Singh's previous work suggested that nuclear neighborhoods might provide part of the answer. In blood stem cells, the gene segments that encode both antibodies and T cell receptors are attached to the inside of the nuclear membrane. Singh's group had found “that the antibody genes were being moved [toward the center of] the nucleus in B cells as they developed,” said Singh. In developing T cells, on the other hand, those same gene segments—which are never switched on—remained stuck to the membrane.
Singh wondered if this organization created miniscule nuclear neighborhoods whose genetic occupants could not be activated. If so, Singh reasoned that developing T cells might leave the unneeded antibody genes pinned against the nuclear membrane to avoid the potential for mistakes. To test the idea, he said, “We needed to develop a method where we could move a gene—any gene—within the nucleus.”

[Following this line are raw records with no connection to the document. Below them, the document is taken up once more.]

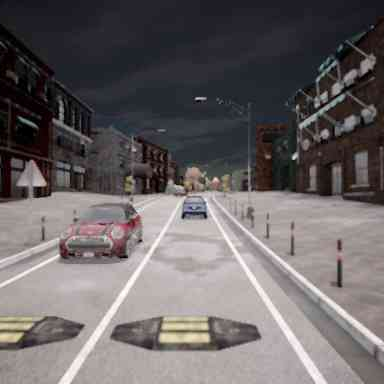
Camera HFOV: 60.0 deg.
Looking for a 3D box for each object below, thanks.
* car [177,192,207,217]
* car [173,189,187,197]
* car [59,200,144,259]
[{"bbox_3d":[0.187,1.019,25.078,2.033,1.411,5.357,0,2,0],"label":"car"},{"bbox_3d":[-1.874,0.135,55.714,1.994,1.385,4.181,0,1,6],"label":"car"},{"bbox_3d":[-3.061,1.225,12.077,2.097,1.767,4.553,0,1,0],"label":"car"}]
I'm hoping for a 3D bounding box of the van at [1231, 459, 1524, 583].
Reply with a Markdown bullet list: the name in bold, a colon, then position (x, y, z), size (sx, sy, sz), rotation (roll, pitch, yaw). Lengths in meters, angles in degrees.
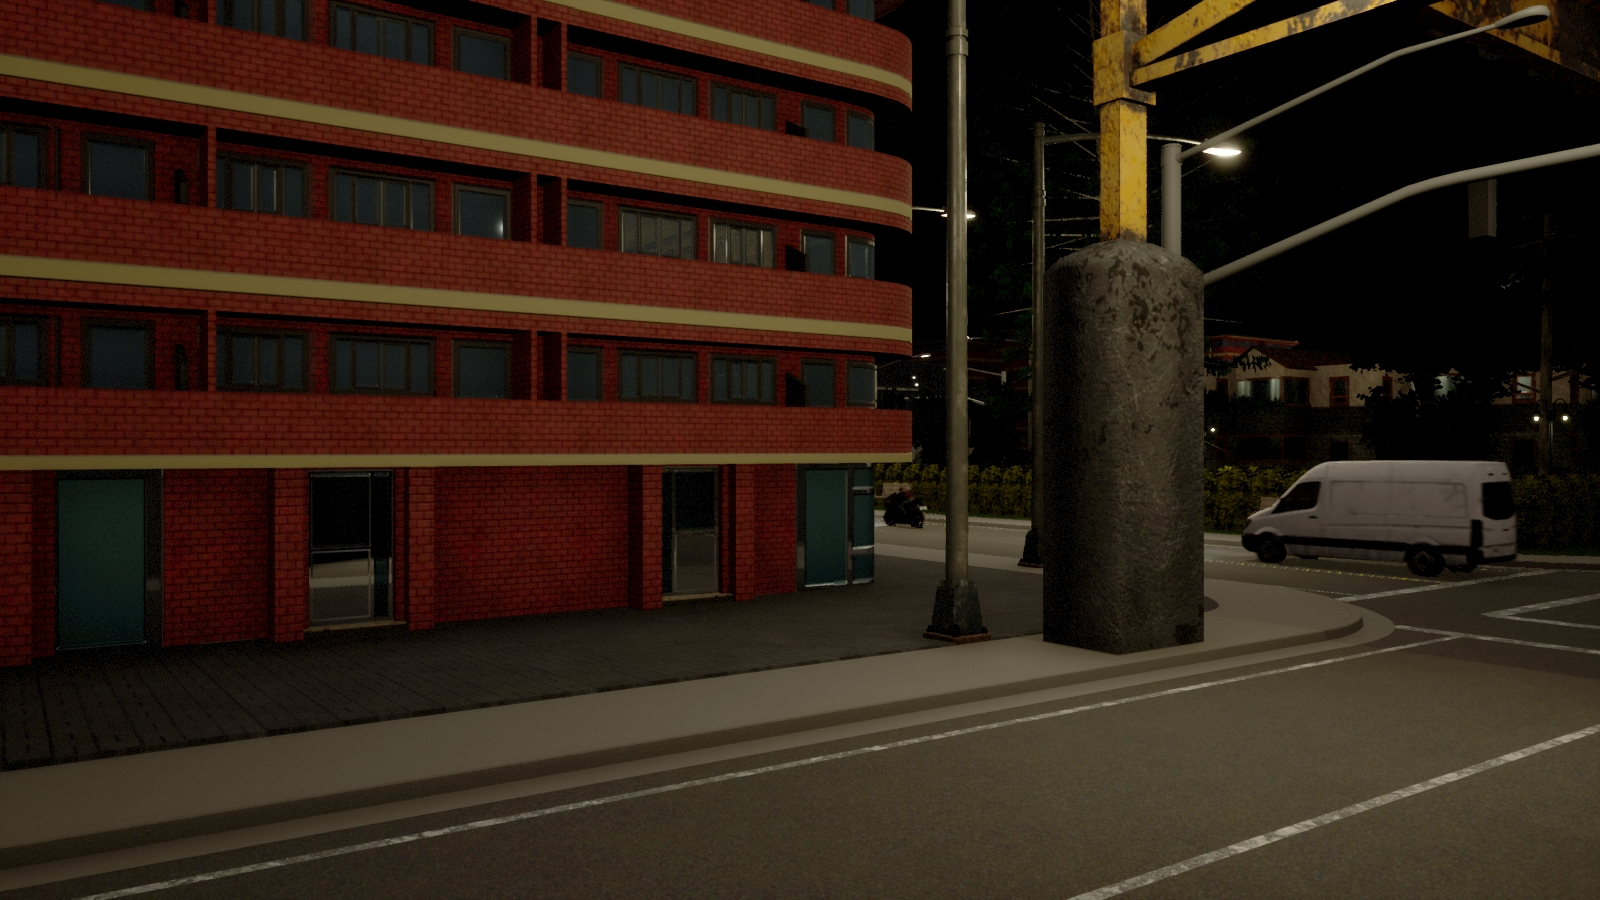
- **van**: position (13.432, 1.523, 27.025), size (1.988, 2.561, 5.915), rotation (0, 0, -37)
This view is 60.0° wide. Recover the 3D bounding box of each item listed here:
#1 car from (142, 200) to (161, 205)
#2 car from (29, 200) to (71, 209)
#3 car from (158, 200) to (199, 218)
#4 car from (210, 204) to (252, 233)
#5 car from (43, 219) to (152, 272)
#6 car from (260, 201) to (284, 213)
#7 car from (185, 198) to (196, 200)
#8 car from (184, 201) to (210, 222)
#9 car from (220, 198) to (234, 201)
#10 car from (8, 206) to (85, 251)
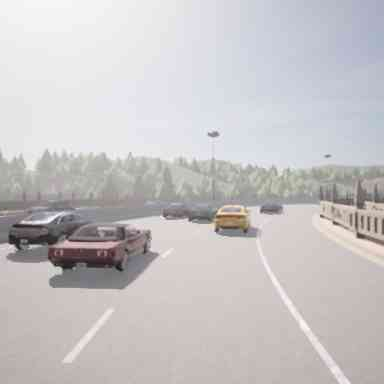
[{"bbox_3d":[-4.845,1.773,42.077,2.128,1.511,4.902,-1,-1,25],"label":"car"},{"bbox_3d":[-12.985,1.581,30.463,2.097,1.767,4.553,0,0,17],"label":"car"},{"bbox_3d":[-1.206,1.744,32.054,1.994,1.385,4.181,-1,0,20],"label":"car"},{"bbox_3d":[2.622,1.567,20.681,1.882,1.535,5.008,-1,0,13],"label":"car"},{"bbox_3d":[-2.692,1.663,11.047,1.895,1.301,4.718,0,0,6],"label":"car"},{"bbox_3d":[9.380,1.732,38.969,1.994,1.385,4.181,-1,0,26],"label":"car"},{"bbox_3d":[-0.534,1.942,63.210,1.882,1.535,5.008,-1,-1,36],"label":"car"},{"bbox_3d":[1.129,1.704,28.134,1.994,1.385,4.181,0,0,18],"label":"car"},{"bbox_3d":[7.153,1.948,67.334,2.033,1.411,5.357,-1,-1,39],"label":"car"},{"bbox_3d":[-5.709,1.583,14.425,2.128,1.511,4.902,0,0,8],"label":"car"}]
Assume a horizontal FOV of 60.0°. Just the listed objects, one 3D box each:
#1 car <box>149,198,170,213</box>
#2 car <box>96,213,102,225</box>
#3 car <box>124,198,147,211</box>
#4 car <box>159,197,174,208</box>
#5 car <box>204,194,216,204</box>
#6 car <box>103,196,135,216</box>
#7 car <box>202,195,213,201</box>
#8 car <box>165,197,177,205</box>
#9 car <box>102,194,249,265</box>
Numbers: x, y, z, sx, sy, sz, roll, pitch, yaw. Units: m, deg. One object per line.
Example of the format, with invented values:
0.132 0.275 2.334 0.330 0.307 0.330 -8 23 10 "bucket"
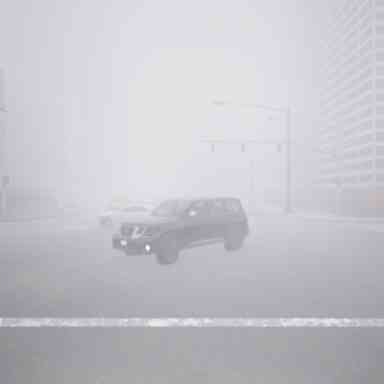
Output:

Their goal was to put a gene on the outskirts of the nucleus, next to the nuclear membrane. And in the experiments reported in Nature, Singh, his postdoctoral fellow Karen Reddy, and their colleagues tricked mouse cells into doing just that. The team attached a binding site for the protein LacI to a gene that makes a cell resistant to the cell-killing drug hygromycin, and inserted the assembly into a mouse cell. The team chose the hygromycin resistance gene because it provided any easy way to test gene activity; when exposed to the drug, only cells with an active gene would survive.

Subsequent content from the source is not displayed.